The IAAF and the International Olympic Commission (IOC) requested Semenya take a “gender verification test” – details regarding the nature of this test remain undisclosed. Following this, the IAAF and the IOC modified their policy on “gender verification”, which had beforehand been vague, to include limitations on testosterone levels for those competing in womens sports. As a result, Semenya was banned from competition between November of 2009 and July of 2010.  

In 2015, the IAAF and IOC policies were overturned by the Court of Arbitration for Sport (CAS) following an appeal by Dutee Chand, a sprinter from India who was also barred from competition in female athletic events due to hyperandrogenism. At the Rio Olympics, with the ban no longer in place, Semenya was able to live up to her potential and became a gold medalist. However, not everyone was happy with her win and the intrusive discussion surrounding her gender was reopened.

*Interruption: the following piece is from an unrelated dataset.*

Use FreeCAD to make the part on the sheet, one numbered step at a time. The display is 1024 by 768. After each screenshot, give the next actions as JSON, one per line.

Regardless of the outcome of the IAAF and IOC deliberations over acceptable testosterone levels in women athletes, Semenya is a woman. However, institutional policies refused to allow Semenya the right to self-determination and identification. To say that she could not compete in women’s events because her testosterone levels were too high was to directly tell her, “no, you are not a woman.” If IAAF and IOC policies dictate that a female-identifying person with high testosterone levels is not a woman, they are immediately taking away the right to self-identification from trans women, gender nonconforming women and femmes, or any women with high testosterone levels that would potentially want to compete in sports.

The IAAF should be more concerned with elite athletes consciously and willingly taking drugs to alter their performance than with marginalising an individual who has no control over their physiology. Trying to alter someone’s body to conform to what they deem is a level of testosterone acceptable for women to have is outrageous. The Russian team faced no consequences for their substance usage, but a woman simply trying to compete to the best of her abilities was scrutinised, publicly shamed in the media for her appearance and hormone levels, and had her identity questioned for over five years.

It seems wholly unfair to discriminate against someone like Semenya, who has trained hard for her medals, on the basis that her testosterone levels give her some sort of “advantage” – an argument that has been disproved by geneticists and Athletic authorities within the past year. To claim that keeping Semenya out of the game was done in order to “protect” her competitors  from an athlete with an “unfair advantage” is both paternalistic and discriminatory. Moreover, it is simply a show of bad sportspersonship.